Het eerste stuk is een fluitje van een cent. We hebben di voorgaande dag de eerste lengten al van gefixeerd touw voorzien, dus zitten we in een mum van tijd in de derde touwlengte. Het klimmen gaat vlot, het haul-baggen zwaar en traag. De tiende touwlengte brengt ons op 'Mammouth Terraces'; daarna 45 meter afdalen langs het touw. Dat is een frustrerende bezigheid, want je weet dat je vervolgens een hoop moeite moet doen om weer op hetzelfde niveau te geraken.

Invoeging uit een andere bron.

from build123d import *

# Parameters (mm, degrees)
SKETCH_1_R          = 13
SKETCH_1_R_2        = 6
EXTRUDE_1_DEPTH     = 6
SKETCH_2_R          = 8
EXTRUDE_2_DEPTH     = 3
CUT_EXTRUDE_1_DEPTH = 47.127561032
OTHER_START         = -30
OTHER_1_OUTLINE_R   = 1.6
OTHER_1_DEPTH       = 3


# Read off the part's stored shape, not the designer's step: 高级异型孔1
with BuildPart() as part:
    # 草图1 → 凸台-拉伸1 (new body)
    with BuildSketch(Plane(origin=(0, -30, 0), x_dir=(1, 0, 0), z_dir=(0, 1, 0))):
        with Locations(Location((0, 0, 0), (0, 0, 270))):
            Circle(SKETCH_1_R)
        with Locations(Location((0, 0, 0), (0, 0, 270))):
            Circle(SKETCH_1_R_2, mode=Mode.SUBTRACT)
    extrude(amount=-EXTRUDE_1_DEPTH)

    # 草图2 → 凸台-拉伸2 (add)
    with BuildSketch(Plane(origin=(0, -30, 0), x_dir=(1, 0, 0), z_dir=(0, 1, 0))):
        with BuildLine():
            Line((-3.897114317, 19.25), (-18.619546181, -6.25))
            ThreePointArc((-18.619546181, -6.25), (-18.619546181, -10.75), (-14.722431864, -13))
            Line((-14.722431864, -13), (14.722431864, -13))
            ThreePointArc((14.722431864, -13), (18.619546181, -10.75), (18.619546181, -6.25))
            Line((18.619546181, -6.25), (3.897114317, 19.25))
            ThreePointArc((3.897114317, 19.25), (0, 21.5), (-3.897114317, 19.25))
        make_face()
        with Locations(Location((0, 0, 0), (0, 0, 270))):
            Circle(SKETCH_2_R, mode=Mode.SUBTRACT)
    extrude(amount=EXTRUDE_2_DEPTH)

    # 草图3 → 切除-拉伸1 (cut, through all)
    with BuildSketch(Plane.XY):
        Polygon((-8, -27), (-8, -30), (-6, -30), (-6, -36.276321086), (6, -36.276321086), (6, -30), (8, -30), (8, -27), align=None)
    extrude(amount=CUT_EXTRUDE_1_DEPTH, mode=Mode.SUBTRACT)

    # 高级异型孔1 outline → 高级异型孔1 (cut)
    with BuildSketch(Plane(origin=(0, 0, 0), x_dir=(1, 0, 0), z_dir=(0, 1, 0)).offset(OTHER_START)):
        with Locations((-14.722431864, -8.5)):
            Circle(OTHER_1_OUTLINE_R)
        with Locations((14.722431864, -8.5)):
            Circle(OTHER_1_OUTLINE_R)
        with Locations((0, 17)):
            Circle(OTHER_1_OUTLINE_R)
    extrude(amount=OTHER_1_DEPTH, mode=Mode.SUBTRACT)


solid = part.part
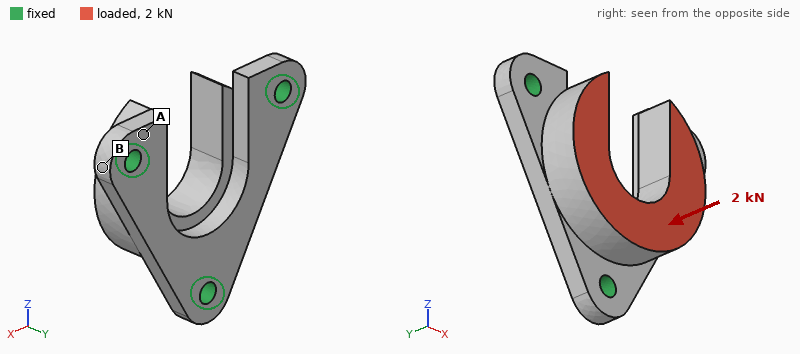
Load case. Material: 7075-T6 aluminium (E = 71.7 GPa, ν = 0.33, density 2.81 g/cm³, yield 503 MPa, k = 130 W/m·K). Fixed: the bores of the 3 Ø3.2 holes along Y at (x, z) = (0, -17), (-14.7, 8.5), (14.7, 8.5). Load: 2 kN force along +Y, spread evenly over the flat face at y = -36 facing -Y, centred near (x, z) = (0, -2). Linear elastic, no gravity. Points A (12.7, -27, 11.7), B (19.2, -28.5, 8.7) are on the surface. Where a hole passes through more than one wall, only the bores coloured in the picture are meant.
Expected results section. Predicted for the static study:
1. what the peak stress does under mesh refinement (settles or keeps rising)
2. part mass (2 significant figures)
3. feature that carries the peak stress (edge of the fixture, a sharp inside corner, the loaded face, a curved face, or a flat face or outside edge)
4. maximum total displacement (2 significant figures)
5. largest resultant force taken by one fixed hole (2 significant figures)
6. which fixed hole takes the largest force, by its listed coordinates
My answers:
keeps rising
9.7 g
edge of the fixture
15 µm
1.0 kN
(0, -17)
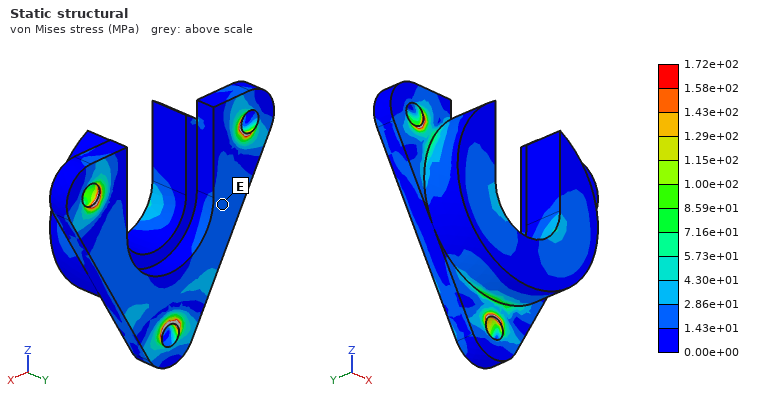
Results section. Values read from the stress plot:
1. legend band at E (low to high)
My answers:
1.43e+01 to 2.86e+01 MPa
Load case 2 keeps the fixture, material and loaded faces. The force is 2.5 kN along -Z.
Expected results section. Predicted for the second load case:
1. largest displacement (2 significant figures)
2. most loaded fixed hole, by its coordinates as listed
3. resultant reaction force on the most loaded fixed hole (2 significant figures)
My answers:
24 µm
(0, -17)
1.3 kN
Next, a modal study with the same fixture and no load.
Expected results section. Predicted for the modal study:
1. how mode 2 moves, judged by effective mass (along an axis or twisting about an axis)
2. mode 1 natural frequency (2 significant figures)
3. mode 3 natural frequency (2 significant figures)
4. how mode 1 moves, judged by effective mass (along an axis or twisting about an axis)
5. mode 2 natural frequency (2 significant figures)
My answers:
along Y
17 kHz
25 kHz
along X
22 kHz
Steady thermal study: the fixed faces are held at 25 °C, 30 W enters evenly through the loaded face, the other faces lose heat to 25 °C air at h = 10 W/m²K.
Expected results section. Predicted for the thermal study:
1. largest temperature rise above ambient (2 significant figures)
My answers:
20 K
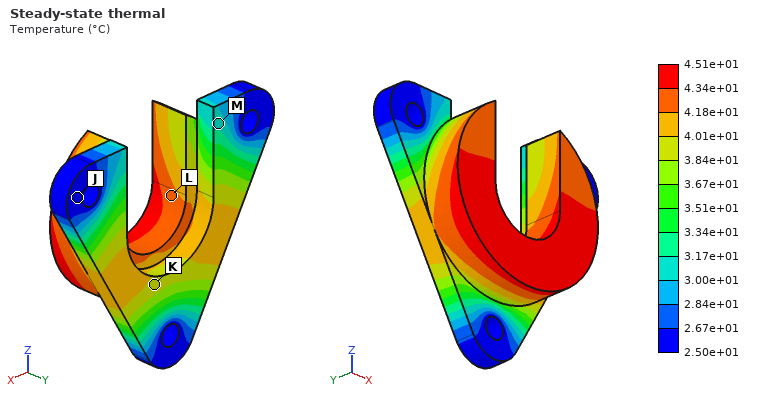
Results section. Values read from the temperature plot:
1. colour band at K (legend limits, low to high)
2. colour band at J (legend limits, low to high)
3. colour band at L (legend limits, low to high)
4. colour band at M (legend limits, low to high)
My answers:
3.84e+01 to 4.01e+01 °C
2.50e+01 to 2.67e+01 °C
4.18e+01 to 4.34e+01 °C
3.00e+01 to 3.17e+01 °C

Ik mag niet zeuren van mezelf. Het wezen van klimmen is juist dat je het jezelf moeilijk maakt. We komen aan op 'Lung Ledge'. Dat is een smalle, lange, ongelijkmatige band van zo'n 75 centimeter breed. De bivakplaats. We moeten in elkaars verlengde slapen. Maar het is in elk geval vlak. Een meevaller. Een andere meevaller bestaat uit de vondst van vier jerrycans met in totaal ongeveer 8 liter water. Deze vondst zal onze redding blijken, want er is hier in geen velden of wegen water te bekennen. De smaak van het water laat te wensen over; de etiketten op de jerrycans vermelden dat ze ooit anti-vries bevatten.

Omdat het nog niet donker is, besluiten we de volgende touwlengte alvast van een touw te voorzien. Ik klim omhoog langs een steile spleet die dood loopt. Vandaar laat ik me 20 meter zakken. Tien meter links van mij hangt een losse vertikale plaat van veertig meter hoog. Daarlangs is het mogelijk verder te klimmen. Als een bezetene ren ik van links naar rechts en na een paar pendels bereik ik de plaat. De spleet achter de plaat is te breed voor vuistverklemming en te smal om je lichaam erin vast te zetten. Ik doe een angstige poging een tussenzekering te plaatsen met behulp van onze grootste maat nuts. De constructie houdt niet en ik zwaai terug-naaraf. Het spel van pendelen begint weer van voor af aan en ik beland wederom bij de spleet. Daar improviseer ik met een mij volslagen nieuwe techniek om hem te beklimmen. Na een meter of tien klimmen besluipt de angst om te vallen me. Ik zit tien meter links van het laatste zekeringspunt. Als ik val, sla ik met een doodsklap tegen de rotsen. Nog vijf hele meters tot de verlossende richel.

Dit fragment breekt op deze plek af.